### WORK INSTRUCTION
Scan the data for "True" and copy the lines it appears in.

Saved entries
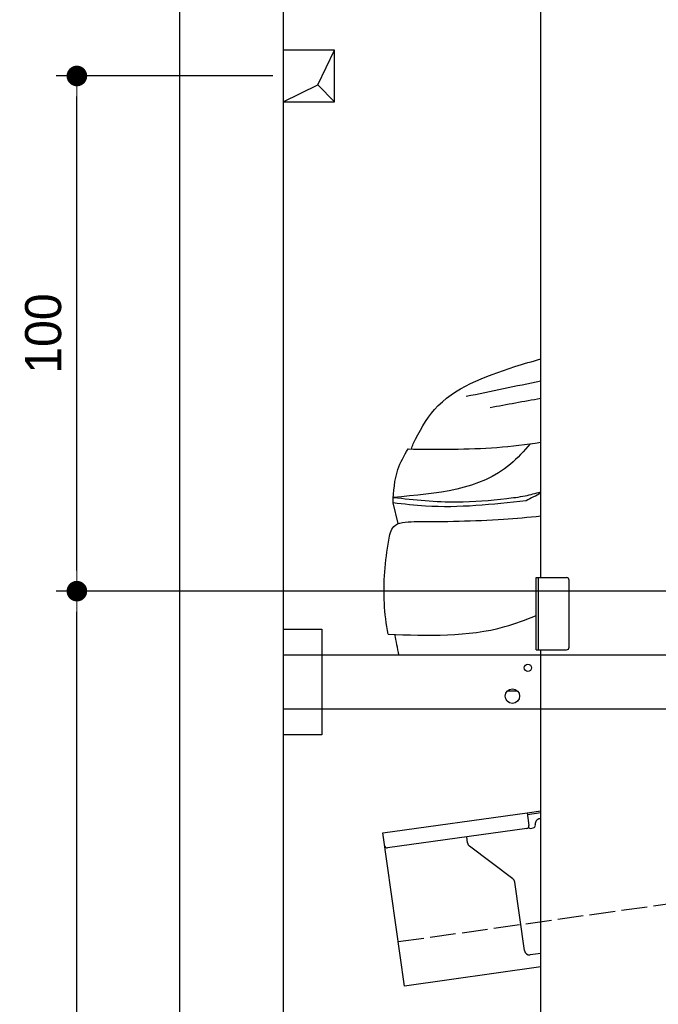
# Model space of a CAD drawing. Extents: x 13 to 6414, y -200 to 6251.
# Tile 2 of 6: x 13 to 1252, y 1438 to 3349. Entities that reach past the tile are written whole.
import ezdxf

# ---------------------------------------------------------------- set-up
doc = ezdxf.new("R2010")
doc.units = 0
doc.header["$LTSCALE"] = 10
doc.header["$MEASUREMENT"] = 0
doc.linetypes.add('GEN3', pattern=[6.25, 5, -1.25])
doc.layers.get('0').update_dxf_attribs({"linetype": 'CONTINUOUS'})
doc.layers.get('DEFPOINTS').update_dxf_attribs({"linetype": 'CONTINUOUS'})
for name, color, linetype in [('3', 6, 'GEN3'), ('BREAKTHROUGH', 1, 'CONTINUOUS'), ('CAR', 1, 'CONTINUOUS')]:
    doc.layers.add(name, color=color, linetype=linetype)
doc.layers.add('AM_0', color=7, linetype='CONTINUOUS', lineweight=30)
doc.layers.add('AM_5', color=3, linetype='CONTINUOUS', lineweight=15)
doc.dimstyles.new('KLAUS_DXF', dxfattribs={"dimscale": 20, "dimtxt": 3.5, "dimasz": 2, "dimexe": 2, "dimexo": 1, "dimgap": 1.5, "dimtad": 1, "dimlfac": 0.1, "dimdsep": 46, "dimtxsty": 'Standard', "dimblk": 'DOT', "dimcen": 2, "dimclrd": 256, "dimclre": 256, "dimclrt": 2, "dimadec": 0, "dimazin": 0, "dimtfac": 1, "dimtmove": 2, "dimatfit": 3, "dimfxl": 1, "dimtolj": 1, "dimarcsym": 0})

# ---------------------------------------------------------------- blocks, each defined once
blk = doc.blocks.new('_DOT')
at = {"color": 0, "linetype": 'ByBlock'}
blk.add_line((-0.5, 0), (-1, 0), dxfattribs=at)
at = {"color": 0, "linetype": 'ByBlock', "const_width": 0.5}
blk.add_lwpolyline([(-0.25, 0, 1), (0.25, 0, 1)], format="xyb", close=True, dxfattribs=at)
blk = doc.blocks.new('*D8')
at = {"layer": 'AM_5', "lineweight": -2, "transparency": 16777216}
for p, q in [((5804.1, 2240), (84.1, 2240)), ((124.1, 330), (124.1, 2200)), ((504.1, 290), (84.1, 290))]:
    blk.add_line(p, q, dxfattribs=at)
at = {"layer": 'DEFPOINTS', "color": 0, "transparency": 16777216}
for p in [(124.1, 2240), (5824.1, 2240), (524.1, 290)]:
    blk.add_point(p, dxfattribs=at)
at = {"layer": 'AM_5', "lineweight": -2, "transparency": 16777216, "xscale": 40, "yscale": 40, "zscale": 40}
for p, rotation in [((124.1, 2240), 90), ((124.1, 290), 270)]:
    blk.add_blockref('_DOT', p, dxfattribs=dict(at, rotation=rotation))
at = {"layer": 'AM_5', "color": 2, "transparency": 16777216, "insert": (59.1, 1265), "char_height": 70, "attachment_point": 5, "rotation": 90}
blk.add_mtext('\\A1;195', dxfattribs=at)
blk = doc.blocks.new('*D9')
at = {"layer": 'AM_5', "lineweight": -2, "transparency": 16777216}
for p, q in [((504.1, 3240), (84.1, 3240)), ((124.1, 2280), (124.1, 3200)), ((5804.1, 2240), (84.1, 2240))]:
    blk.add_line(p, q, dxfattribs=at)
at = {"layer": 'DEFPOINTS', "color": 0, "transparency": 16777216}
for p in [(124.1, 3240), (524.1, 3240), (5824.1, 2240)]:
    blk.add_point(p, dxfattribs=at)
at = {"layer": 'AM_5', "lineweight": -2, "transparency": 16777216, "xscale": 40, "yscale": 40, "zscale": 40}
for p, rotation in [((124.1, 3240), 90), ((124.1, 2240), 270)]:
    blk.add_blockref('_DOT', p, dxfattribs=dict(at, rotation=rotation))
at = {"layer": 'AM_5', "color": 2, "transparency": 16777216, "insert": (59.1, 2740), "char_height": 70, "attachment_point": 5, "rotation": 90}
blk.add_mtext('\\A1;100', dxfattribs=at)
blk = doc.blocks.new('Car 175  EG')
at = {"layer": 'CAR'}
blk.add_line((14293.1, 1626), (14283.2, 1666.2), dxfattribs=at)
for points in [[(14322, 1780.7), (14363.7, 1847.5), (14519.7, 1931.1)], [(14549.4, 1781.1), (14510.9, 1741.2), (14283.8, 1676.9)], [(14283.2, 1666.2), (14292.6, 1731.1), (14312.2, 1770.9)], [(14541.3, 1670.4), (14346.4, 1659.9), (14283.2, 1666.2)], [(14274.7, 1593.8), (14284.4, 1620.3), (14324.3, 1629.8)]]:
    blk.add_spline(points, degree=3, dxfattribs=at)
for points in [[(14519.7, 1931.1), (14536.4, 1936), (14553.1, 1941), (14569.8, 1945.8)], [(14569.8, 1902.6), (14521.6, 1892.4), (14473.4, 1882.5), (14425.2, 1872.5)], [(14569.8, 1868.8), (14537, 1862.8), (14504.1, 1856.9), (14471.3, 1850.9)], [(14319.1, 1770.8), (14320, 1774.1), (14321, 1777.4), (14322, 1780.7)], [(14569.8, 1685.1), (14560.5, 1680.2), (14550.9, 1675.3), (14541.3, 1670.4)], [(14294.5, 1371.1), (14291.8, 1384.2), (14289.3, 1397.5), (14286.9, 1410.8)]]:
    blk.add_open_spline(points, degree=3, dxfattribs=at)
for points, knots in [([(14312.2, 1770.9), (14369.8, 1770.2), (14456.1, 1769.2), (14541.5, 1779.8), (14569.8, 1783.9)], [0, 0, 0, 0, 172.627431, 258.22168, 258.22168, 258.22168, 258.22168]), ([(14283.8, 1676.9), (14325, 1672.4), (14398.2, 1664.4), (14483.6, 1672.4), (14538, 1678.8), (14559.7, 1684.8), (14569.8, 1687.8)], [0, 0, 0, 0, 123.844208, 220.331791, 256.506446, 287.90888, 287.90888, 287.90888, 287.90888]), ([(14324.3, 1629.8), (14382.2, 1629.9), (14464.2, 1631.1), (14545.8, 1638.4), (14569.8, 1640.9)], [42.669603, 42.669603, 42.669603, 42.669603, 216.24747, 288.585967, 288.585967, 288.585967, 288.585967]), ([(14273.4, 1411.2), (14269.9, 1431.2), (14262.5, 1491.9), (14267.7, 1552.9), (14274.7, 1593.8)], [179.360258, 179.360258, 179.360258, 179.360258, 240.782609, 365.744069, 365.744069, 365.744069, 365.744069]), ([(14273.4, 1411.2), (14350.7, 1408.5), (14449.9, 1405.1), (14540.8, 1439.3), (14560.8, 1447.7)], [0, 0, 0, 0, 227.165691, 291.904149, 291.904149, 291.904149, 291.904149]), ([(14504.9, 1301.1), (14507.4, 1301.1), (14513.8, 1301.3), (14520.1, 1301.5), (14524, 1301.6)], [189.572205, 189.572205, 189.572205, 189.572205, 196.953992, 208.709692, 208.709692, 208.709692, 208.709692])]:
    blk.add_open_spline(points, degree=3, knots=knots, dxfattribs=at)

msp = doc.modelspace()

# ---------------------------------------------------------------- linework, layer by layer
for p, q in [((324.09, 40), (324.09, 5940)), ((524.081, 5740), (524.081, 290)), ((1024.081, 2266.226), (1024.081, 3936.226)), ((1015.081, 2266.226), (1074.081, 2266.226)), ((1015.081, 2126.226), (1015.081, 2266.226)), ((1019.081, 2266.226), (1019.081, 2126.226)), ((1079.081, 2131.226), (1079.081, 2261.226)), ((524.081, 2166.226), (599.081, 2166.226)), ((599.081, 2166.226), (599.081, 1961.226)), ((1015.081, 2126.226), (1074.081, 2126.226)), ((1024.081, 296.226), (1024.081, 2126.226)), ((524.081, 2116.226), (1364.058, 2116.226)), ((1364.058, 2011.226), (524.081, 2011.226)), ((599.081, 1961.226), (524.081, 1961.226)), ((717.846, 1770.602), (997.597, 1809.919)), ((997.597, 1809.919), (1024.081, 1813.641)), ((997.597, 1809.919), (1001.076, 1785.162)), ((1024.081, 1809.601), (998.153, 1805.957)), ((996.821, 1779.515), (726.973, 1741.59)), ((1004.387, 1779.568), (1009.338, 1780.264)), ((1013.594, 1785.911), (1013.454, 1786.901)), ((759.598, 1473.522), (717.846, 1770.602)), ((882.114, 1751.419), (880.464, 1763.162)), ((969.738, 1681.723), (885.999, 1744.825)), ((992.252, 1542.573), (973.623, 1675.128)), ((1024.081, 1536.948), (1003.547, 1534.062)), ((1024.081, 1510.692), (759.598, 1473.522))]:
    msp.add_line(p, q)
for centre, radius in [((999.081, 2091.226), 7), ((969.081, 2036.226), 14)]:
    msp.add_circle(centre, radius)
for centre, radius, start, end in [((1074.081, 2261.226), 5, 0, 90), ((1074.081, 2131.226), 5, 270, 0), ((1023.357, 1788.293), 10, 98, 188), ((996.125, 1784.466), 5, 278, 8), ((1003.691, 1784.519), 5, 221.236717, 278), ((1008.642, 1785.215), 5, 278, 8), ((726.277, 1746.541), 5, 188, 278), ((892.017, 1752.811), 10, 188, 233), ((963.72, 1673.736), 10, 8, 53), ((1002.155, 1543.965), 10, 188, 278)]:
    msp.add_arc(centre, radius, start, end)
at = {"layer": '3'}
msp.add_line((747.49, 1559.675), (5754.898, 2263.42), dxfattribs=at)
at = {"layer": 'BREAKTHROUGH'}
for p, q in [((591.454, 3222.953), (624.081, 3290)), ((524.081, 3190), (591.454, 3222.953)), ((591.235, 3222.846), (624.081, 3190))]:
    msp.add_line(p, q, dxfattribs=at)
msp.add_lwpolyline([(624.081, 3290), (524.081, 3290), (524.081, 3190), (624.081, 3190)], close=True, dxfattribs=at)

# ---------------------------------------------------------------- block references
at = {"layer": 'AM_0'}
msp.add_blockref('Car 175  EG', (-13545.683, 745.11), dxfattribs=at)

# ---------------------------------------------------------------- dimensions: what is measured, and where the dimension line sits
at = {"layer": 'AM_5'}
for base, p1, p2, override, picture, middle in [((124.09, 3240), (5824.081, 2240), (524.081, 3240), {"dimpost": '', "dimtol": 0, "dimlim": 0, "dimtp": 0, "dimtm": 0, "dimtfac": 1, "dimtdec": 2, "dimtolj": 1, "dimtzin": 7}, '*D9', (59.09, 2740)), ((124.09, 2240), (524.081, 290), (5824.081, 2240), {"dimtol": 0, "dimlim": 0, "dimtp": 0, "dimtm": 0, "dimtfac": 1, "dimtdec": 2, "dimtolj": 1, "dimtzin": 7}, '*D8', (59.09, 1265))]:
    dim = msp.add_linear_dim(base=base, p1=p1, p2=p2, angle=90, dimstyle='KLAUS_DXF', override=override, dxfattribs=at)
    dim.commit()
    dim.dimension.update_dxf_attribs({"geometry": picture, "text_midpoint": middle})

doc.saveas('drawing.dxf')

### EXERCISE ANSWER
blk.add_lwpolyline([(-0.25, 0, 1), (0.25, 0, 1)], format="xyb", close=True, dxfattribs=at)
msp.add_lwpolyline([(624.081, 3290), (524.081, 3290), (524.081, 3190), (624.081, 3190)], close=True, dxfattribs=at)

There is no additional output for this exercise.